One year after the mass shooting, security management is still at the forefront of casino officials’ minds at the 2018 Global Gaming Expo.

The 18th-annual G2E held nine educational sessions categorized as “security and surveillance compliance” discussions. About 26,000 people attended the expo.

“It’s on the minds of everybody in light of the terrible events last year,” said Timothy Donovan, executive vice president and general counsel at Caesars Entertainment. “It made everybody step back and look at their security protocol, their security personnel and their security standards.”

Donovan said several steps have been taken to improve security at casinos across the globe, but it’s “something you have to look at continuously. You don’t want to become complacent.”

Increased measures

Increasing security visibility is one measure seen across the Strip, including the G2E conference.

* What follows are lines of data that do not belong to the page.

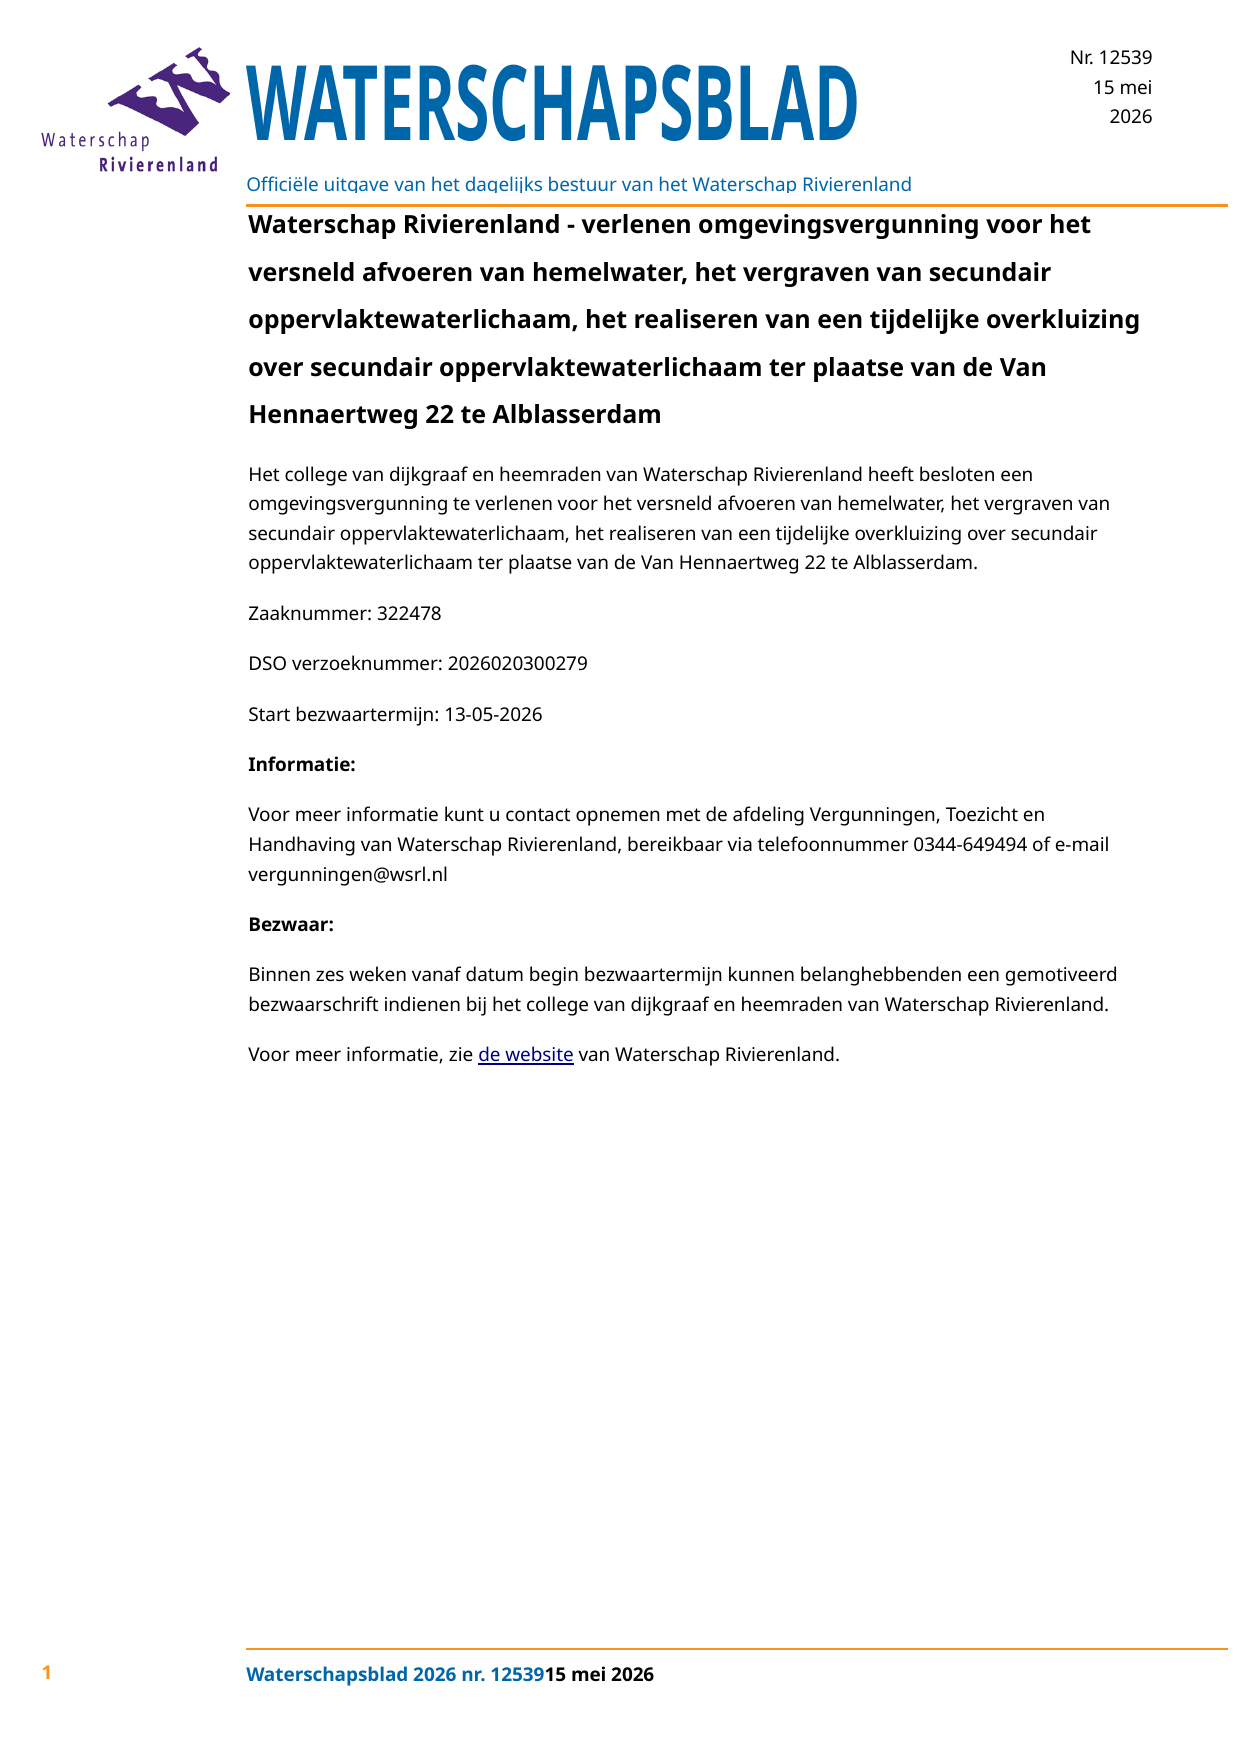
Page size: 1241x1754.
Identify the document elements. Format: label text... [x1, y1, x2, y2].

text Zaaknummer: 322478 [248, 600, 1152, 626]
text Het college van dijkgraaf en heemraden van Waterschap Rivierenland heeft besloten een omgevingsvergunning te verlenen voor het versneld afvoeren van hemelwater, het vergraven van secundair oppervlaktewaterlichaam, het realiseren van een tijdelijke overkluizing over secundair oppervlaktewaterlichaam ter plaatse van de Van Hennaertweg 22 te Alblasserdam. [248, 461, 1152, 575]
text Informatie: [248, 751, 1152, 777]
text Voor meer informatie kunt u contact opnemen met de afdeling Vergunningen, Toezicht en Handhaving van Waterschap Rivierenland, bereikbaar via telefoonnummer 0344-649494 of e-mail vergunningen@wsrl.nl [248, 802, 1152, 886]
text Voor meer informatie, zie de website van Waterschap Rivierenland. [248, 1042, 1152, 1067]
text Waterschap Rivierenland - verlenen omgevingsvergunning voor het versneld afvoeren van hemelwater, het vergraven van secundair oppervlaktewaterlichaam, het realiseren van een tijdelijke overkluizing over secundair oppervlaktewaterlichaam ter plaatse van de Van Hennaertweg 22 te Alblasserdam [248, 207, 1152, 431]
text Bezwaar: [248, 911, 1152, 937]
text Binnen zes weken vanaf datum begin bezwaartermijn kunnen belanghebbenden een gemotiveerd bezwaarschrift indienen bij het college van dijkgraaf en heemraden van Waterschap Rivierenland. [248, 962, 1152, 1017]
picture [41, 47, 231, 172]
text DSO verzoeknummer: 2026020300279 [248, 650, 1152, 676]
text Start bezwaartermijn: 13-05-2026 [248, 701, 1152, 726]

“Here today, we’ve seen more dogs and K-9 units in this facility than I’ve seen in the past year,” said Martha Sabol, a G2E panel moderator and co-chair of Greenberg Traurig’s global Gaming Practice.

Donovan said the increased K-9 use has been an “effective tool” for casinos across the Strip.

“Our guests seem to like it,” he said. “It makes them feel secure, and they do a great job, frankly sometimes much better than some of the technology can provide.”

Metropolitan Police Department Capt. John Pelletier advised hotel-casinos to consider security budgets more than a cost. He encouraged hotels to prepare go bags of flashlights, access keys and current maps; train employees to lead law enforcement through tunnels and the bowels of the buildings; and invest in cameras at the cages that are just as good as the ones looking at players’ cards.

Pelletier said local hotel-casinos are experimenting with new facial recognition and weapons detection technology on their properties.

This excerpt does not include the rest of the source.